The role of nutrient availability in bioerosion: Consequences to carbonate buildups

Zooxanthellate organisms, which are among the major carbonate producers on coral reefs, are highly adapted to nutrient-deficient conditions and tend to be outcompeted by filamentous or fleshy algae if nutrients are abundant. Reef-dwelling bioeroding organisms, on the other hand, seem to increase in abundance with increasing availability of nutrient and food resources. Maximum rates of calcium carbonate production in a reef system are comparable in magnitude to maximum rates of bioerosion. The dynamic interplay between accretion destruction of coral reefs is therefore likely to be strongly influenced by nutrient availability.

Nutrient availability may also influence development of carbonate facies. In reef systems that develop in oligotrophic waters, skeletal sands and framework should dominate carbonate buildups. In systems that develop in mesotrophic waters, enhanced bioerosion should reduce much of the skeletal material to carbonate muds, increasing the prevalence of mud-rich facies. Eutrophic conditions should result in bioeroded hardgrounds and carbonate depositional hiatuses.
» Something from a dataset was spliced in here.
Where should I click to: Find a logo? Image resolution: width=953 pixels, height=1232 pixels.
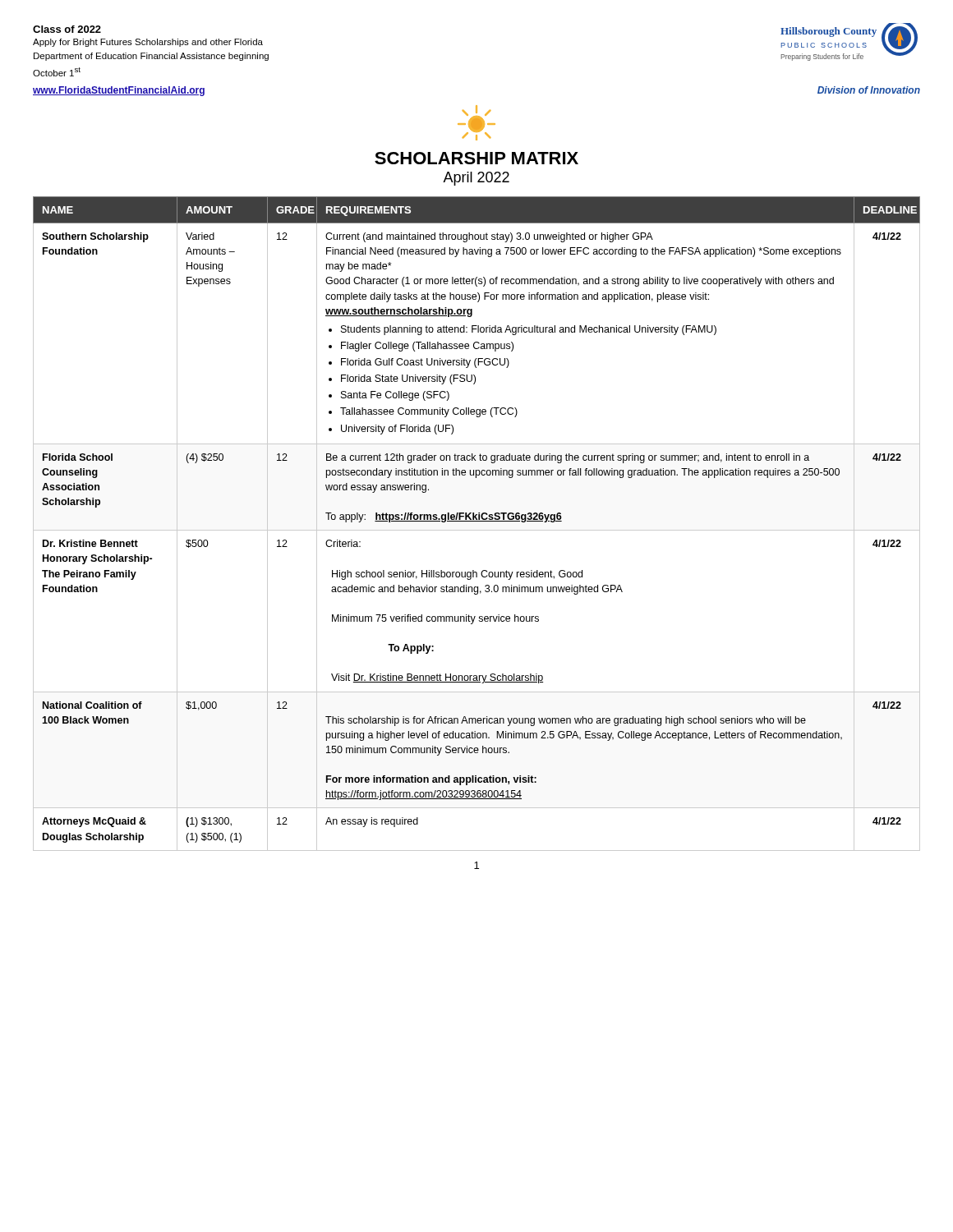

When carbonate accumulation rates fail to equal or exceed rates of local relative sea-level rise, reefs drown. Bored and lithified pavements with crusts of ferromanganese oxides, phosphates, or glauconite often separate shallow-reef from overlying deeper-water deposits. Nondeposition, bioerosion, and evidence for low redox potentials at the sediment-water interface all implicate excess nutrient availability as a factor in reef drowning.

Some carbonate depositional hiatuses and bioerosional surfaces are local phenomena, evidence of responses to local increases in nutrient availability resulting from submergence of soils, runoff, or topographic upwelling. Others appear to reflect regional or worldwide events. Because many carbonate-producing organisms have life history strategies specialized to nutrient-deficient conditions, they are unable to compete when nutrients become plentiful. Events that triggered ocean turnover or sharp increases in the rate of deep ocean circulation would have increased sea-surface nutrient availability worldwide. Such eutrophication could have caused widespread extinctions in reef communities. Because eutrophication promotes bioerosion, details of the fossil records of those events are probably lost in bioerosional hiatuses.